━━ SOURCE MATERIAL
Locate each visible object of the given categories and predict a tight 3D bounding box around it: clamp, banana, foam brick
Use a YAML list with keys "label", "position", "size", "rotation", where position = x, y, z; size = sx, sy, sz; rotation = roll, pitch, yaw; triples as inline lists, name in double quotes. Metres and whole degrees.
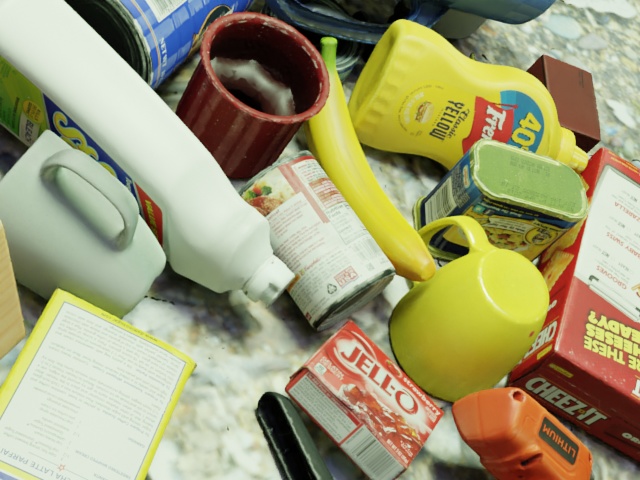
- label: "clamp"
  position: [-0.003, 0.177, 0.611]
  size: [0.171, 0.039, 0.120]
  rotation: [44, 45, 7]
- label: "banana"
  position: [0.026, -0.046, 0.757]
  size: [0.037, 0.070, 0.198]
  rotation: [-17, 68, -16]
- label: "foam brick"
  position: [0.198, -0.106, 0.900]
  size: [0.053, 0.051, 0.078]
  rotation: [17, 53, -19]

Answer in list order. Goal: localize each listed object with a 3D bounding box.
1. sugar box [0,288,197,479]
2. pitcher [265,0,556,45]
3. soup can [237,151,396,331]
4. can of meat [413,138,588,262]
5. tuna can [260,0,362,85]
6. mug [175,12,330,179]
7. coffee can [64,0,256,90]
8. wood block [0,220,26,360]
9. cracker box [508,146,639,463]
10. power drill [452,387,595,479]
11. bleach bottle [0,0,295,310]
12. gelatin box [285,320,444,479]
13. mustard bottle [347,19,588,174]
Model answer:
- label: "sugar box"
  position: [-0.142, 0.121, 0.572]
  size: [0.093, 0.048, 0.176]
  rotation: [28, 54, -8]
- label: "pitcher"
  position: [0.071, -0.235, 0.808]
  size: [0.242, 0.149, 0.145]
  rotation: [12, 52, -28]
- label: "soup can"
  position: [-0.005, 0.001, 0.710]
  size: [0.068, 0.069, 0.102]
  rotation: [-27, 75, -38]
- label: "can of meat"
  position: [0.133, -0.023, 0.790]
  size: [0.102, 0.084, 0.057]
  rotation: [14, 54, -20]
- label: "tuna can"
  position: [-0.011, -0.155, 0.832]
  size: [0.086, 0.034, 0.086]
  rotation: [14, 54, -20]
- label: "mug"
  position: [-0.045, -0.103, 0.746]
  size: [0.093, 0.082, 0.117]
  rotation: [39, 50, 0]
- label: "coffee can"
  position: [-0.118, -0.167, 0.736]
  size: [0.103, 0.103, 0.140]
  rotation: [39, 50, 0]
- label: "wood block"
  position: [-0.247, 0.065, 0.505]
  size: [0.090, 0.091, 0.205]
  rotation: [23, 46, 21]
- label: "cracker box"
  position: [0.245, 0.055, 0.808]
  size: [0.164, 0.072, 0.213]
  rotation: [30, 51, -7]
- label: "power drill"
  position: [0.107, 0.185, 0.623]
  size: [0.184, 0.057, 0.187]
  rotation: [43, 44, -34]
- label: "bleach bottle"
  position: [-0.115, -0.054, 0.662]
  size: [0.251, 0.103, 0.068]
  rotation: [41, 57, 3]
- label: "gelatin box"
  position: [0.029, 0.101, 0.673]
  size: [0.089, 0.030, 0.073]
  rotation: [46, 31, 4]
- label: "mustard bottle"
  position: [0.122, -0.091, 0.820]
  size: [0.191, 0.096, 0.058]
  rotation: [19, 29, -18]
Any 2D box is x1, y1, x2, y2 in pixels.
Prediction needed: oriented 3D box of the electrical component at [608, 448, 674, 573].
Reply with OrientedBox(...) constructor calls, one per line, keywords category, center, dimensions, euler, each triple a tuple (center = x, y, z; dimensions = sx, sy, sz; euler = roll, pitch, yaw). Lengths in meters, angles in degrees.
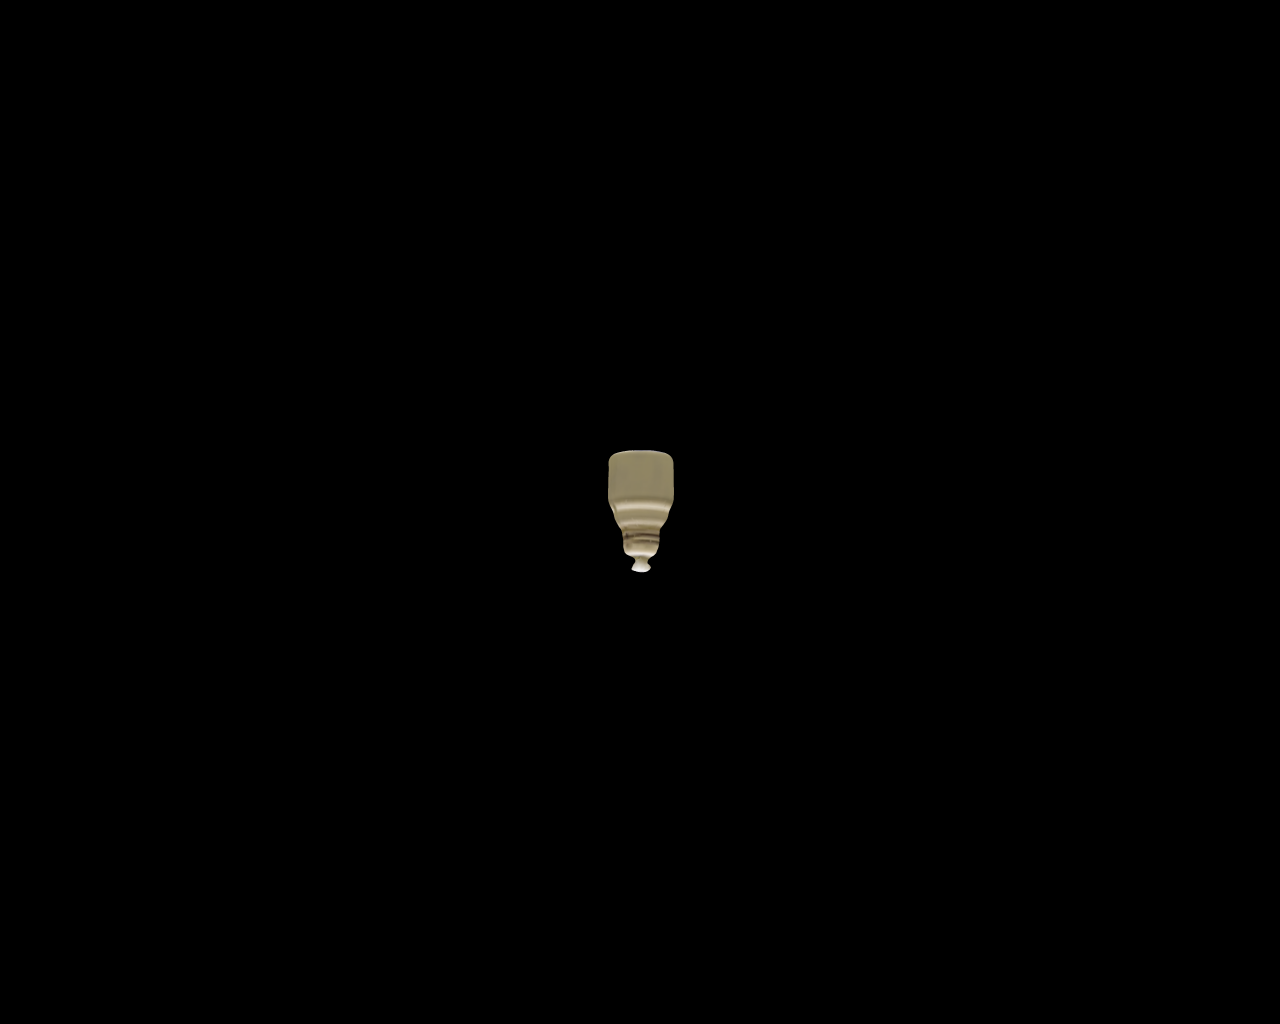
━━━━
Some lines above may hold the word "object"; say how many do, giving nothing besides the number.

### ANSWER SECTION
2